Due to the poor breeding habits of many breeders most of the gender specific traits in rams have disappeared, with many females showing traits that used to be ascribed to males and vice versa. Males are always slightly larger than females. Males have an elongated second ray on their dorsal fin (although I have seen this on females) and generally do not have black stripes of their pelvic fins. Females have a pink coloration to their ventral area (although it lightens under stress) and a rounded tail fin. I find that it is best to just observe the fish in their tank. If you see two rams, one larger than the other, follow each other around the tank and not fighting they are most likely a M/F pair.


----------



## Byron (Mar 7, 2009)

Agree. When I acquire this species, I stand and observe the fish in the store tank for quite some time. This species, Mikrogeophagus ramirezi (whatever the colour variant) and its cousin Mikrogeophagus altispinosus (Bolivian Ram), prefer to select their own mates and usually form a bonded pair (i.e., for life). Spawning will always be more successful long-term if the male has decided on his partner. In the store tank, you will likely see males behaving naturally--flared fins, charging other males--and if the male has selected a female, she will be close by him and he will tolerate her. Protecting his small territory, even in this situation. Buy the two fish and you are probably on the road to success.

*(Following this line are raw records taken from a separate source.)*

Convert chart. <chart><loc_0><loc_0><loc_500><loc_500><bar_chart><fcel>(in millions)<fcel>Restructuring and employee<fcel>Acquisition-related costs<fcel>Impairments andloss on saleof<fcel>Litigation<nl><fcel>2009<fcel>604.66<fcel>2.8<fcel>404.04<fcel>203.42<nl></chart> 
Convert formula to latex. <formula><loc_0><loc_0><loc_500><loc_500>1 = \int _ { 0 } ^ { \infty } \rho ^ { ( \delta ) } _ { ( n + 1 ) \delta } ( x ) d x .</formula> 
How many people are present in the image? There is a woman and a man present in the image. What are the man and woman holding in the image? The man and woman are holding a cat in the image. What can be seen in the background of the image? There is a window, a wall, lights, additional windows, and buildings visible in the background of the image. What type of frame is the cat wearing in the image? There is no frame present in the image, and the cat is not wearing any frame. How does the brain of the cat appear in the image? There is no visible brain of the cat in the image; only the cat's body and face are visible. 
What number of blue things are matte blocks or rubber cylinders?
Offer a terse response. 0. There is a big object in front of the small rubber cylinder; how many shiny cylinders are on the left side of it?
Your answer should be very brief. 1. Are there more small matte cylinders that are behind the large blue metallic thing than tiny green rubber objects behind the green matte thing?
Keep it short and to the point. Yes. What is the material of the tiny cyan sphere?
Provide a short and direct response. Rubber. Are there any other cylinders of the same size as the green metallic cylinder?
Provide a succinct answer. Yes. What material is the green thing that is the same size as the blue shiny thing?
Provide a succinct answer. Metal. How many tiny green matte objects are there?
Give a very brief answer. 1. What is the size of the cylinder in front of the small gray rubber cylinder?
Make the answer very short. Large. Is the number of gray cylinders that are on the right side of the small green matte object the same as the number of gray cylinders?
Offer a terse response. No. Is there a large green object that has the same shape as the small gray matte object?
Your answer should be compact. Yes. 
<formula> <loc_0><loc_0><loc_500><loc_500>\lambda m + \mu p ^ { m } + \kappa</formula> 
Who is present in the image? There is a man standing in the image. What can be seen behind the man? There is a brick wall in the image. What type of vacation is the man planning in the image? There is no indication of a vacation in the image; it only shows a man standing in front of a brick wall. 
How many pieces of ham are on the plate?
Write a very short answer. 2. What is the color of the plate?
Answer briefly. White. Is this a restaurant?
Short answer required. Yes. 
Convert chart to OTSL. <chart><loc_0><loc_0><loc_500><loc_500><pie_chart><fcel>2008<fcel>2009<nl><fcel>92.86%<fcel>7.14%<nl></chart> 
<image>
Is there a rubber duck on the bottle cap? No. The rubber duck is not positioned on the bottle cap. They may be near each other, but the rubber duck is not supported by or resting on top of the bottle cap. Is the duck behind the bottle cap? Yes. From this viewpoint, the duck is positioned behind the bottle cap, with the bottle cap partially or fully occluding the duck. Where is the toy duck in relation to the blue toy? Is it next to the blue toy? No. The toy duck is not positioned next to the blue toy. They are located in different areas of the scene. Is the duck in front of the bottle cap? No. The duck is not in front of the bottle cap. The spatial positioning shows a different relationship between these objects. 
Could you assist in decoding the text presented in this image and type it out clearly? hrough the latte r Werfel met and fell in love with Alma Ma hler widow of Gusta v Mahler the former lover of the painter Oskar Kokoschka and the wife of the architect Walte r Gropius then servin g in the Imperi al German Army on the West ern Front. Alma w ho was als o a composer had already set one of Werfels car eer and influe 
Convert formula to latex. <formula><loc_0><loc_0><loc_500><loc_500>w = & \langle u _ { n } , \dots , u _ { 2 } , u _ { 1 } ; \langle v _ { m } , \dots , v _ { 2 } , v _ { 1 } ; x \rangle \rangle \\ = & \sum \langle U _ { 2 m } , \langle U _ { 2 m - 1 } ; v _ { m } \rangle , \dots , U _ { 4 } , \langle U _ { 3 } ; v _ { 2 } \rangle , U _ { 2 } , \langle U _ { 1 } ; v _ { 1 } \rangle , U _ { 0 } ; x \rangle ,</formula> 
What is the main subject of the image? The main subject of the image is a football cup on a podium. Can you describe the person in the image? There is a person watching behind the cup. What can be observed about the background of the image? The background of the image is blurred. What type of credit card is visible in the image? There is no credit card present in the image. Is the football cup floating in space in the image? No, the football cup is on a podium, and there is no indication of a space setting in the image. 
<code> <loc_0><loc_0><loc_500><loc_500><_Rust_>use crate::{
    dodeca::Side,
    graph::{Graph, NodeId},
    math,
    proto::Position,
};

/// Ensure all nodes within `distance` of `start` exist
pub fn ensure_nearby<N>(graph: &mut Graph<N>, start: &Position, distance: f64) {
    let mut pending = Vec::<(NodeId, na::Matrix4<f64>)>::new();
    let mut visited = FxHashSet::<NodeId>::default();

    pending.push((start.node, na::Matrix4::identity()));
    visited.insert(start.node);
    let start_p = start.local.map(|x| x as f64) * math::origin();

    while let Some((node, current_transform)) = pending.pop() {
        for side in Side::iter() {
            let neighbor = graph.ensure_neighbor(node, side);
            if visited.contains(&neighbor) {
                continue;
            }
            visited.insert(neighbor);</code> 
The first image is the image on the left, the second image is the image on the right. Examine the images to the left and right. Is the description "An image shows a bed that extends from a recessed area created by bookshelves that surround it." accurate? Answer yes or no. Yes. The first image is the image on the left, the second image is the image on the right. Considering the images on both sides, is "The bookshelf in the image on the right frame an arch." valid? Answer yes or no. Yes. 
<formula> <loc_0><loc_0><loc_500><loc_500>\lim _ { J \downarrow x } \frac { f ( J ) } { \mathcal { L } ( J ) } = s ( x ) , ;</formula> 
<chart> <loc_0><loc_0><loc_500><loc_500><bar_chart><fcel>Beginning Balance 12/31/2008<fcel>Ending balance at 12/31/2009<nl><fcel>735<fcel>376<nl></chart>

By the way, we have fish profiles, second tab from the left in the blue bar, and for many species the difference between male/female is noted, where there is one. And photos are sometimes included, if I can find one showing a pair. Such a photo of a pair is included for both these species.

Byron.


----------



## I Love Tetras And Oscar (Jan 12, 2012)

Byron please send me picture of it.


----------



## I Love Tetras And Oscar (Jan 12, 2012)

Or any one from you two


----------



## lorax84 (Nov 3, 2010)

German Blue Ram

If you scroll down on this link they have a pic of the differences in the sexes, but as I said this does not hold true for all fish you find in stores these days because of interbreeding.


----------



## Byron (Mar 7, 2009)

I Love Tetras And Oscar said:


> Byron please send me picture of it.


The photos are in the profile, click on the shaded name in my earlier post to see the respective profile. And the Blue Ram photo is the original species.


----------



## I Love Tetras And Oscar (Jan 12, 2012)

@lorax what link? i didnt see any link i did scroll down and look carefully.
@Byron wheres the profile at? and the shaded name too?


----------



## Byron (Mar 7, 2009)

I Love Tetras And Oscar said:


> @lorax what link? i didnt see any link i did scroll down and look carefully.
> @Byron wheres the profile at? and the shaded name too?


Lorax's link didn't work because it contained the name Blue Ram and this forum system read that as the species and shaded it.

If you click on shaded names, like Blue Ram, it will pop up the profile with photos. Aside from that, profiles are under the second tab from the left in the blue bar across the top of the page.

If "Blue Ram" doesn't have a grayish shaded box around it, you need to adjust your monitor settings somehow; don't ask me about that, as I am not much with computers.


----------



## I Love Tetras And Oscar (Jan 12, 2012)

Oh im talking about Electric Blue Rams not german blue rams.


----------



## Byron (Mar 7, 2009)

I Love Tetras And Oscar said:


> Oh im talking about Electric Blue Rams not german blue rams.


The fish is the same species, just a colour variant. However, as lorax mentioned, these variants are a bit harder to tell. My earlier advice to observe them in the store still stands.


----------